A partir de juillet prochain, les autoroutes qui relient le Nord-est de l'Espagne et le Nord-ouest de la France devraient être (un peu) moins encombrées de poids lourds. Les automobilistes familiers de cet axe Nord-sud ne le savent pas, mais ils devront ce surcroît de tranquillité aux autorités du port de Cherbourg. Celles-ci ont, en effet, lancé mardi 29 août les travaux de construction du terminal de ferroutage, maillon essentiel de la future autoroute ferroviaire longue distance qui raccordera bientôt la pointe du Cotentin au Pays basque.
Réplique occidentale de la liaison Calais-Perpignan lancée en 2017 par la SNCF, cette « route roulante » de 1.000 kilomètres vouée au transport de marchandises sera « la première sur la façade atlantique », comme le rappelle Hervé Morin, président de la Région Normandie contributrice de l'opération. A pleine capacité, la ligne doit ainsi permettre d'exfiltrer du bitume quelque 25.000 camions chaque année, selon les projections de la Brittany Ferries qui l'opérera.
Une pierre dans le jardin du Calaisis
La compagnie bretonne a ferraillé durant plusieurs années avec l'Etat et la SNCF pour faire aboutir ce projet grâce auquel elle espère mordre les mollets de ses rivaux du détroit nordiste.
« Le monopole de Calais ne pouvait plus durer. C'est pourquoi, nous avons renversé la table », a tonné son PDG mardi à Cherbourg, où il assistait à la pose symbolique du premier boulon du terminal.
Jean-Marc Roué veut notamment dérouter vers le rail les transporteurs espagnols et portugais qui acheminent « des pièces industrielles et des produits manufacturés » vers l'Irlande et le Royaume-Uni.
Tout a été minutieusement calculé pour les y inciter, nous assure-t-on. A raison d'un aller-retour quotidien, les trains partiront de Bayonne en fin de journée afin que leur chargement arrive le lendemain matin, juste à temps pour embarquer à bord de l'un des trois ferries de la compagnie desservant le port irlandais de Rosslare. « Les horaires de départ des bateaux ne seront pas modifiés pour ne pas contrarier les passagers (40% du trafic, ndlr) », précise-t-on au sein de la compagnie.
« Cela va marcher »
A première vue, cette offre décarbonée via Cherbourg arrive à point nommé. Depuis que le Royaume-Uni a quitté l'Union européenne, le port normand a multiplié par plus de dix son trafic de poids lourds, vers ou en provenance, d'Irlande, jusqu'à devenir la principale porte d'entrée européenne du pays du trèfle. A quoi s'ajoute l'éclatante santé du marché du transmanche, en croissance de 25% depuis dix ans.
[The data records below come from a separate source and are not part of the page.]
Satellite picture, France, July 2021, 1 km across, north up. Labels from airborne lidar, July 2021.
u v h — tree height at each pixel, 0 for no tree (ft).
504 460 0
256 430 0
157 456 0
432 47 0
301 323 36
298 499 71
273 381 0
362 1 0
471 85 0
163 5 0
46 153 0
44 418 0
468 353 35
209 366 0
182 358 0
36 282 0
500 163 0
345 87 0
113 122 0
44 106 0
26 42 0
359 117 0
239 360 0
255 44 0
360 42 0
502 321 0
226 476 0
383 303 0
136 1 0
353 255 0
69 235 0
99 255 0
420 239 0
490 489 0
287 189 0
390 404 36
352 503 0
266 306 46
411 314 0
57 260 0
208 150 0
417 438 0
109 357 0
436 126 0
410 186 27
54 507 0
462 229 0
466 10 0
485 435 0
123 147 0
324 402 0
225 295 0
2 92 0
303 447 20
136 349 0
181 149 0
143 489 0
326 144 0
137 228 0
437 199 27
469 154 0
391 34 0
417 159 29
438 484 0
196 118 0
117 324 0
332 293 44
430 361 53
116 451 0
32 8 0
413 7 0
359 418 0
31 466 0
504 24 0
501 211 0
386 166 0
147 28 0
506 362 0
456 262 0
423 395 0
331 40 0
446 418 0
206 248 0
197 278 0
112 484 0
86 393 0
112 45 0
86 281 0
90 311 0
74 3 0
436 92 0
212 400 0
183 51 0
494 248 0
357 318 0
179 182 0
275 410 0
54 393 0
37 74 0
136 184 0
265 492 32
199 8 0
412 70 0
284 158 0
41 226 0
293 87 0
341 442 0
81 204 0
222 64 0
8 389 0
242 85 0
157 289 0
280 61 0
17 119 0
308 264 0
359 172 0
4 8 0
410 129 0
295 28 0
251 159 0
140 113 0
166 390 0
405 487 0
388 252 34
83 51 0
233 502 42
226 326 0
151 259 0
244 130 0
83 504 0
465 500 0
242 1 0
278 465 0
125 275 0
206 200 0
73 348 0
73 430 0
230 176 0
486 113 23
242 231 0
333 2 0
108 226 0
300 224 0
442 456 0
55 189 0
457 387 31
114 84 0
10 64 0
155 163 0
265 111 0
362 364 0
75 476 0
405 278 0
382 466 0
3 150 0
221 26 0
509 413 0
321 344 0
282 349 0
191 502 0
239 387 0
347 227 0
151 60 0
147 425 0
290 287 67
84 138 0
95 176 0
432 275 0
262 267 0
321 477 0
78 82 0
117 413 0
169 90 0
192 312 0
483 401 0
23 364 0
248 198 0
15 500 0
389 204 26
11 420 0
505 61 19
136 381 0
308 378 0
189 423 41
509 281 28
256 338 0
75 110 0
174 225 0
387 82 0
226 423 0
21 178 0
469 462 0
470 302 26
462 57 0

De quoi conforter le PDG de la compagnie bretonne. Si l'intéressé anticipe une montée en charge progressive, il exclut la possibilité d'un flop. « Cela va marcher. En 2006, la FNTR (Fédération nationale des Transports Routiers, ndlr) m'avait prédit un échec pour notre autoroute maritime entre Portsmouth et Bilbao, rappelle-t-il. Ils avaient tort. De 3.500 camions embarqués à l'époque, nous sommes passés à 50.000 aujourd'hui ».
La liaison ferrée Cherbourg-Bayonne connaîtra-t-elle la même trajectoire ? A voir. A l'antenne normande de la FNTR, on affiche néanmoins une certaine circonspection. Bien que son délégué régional affirme être favorable à ce type d'infrastructures, il est loin de parier sur sa réussite commerciale.
« Le ferroutage demeure un maillon faible en France. Même si les objectifs de décarbonation s'imposent à nous, il reste très compliqué de faire coïncider l'offre et la demande en raison du manque de souplesse du fer », confie Samuel Neufville à La Tribune.
A charge pour la Brittany Ferries de faire mentir ce pronostic.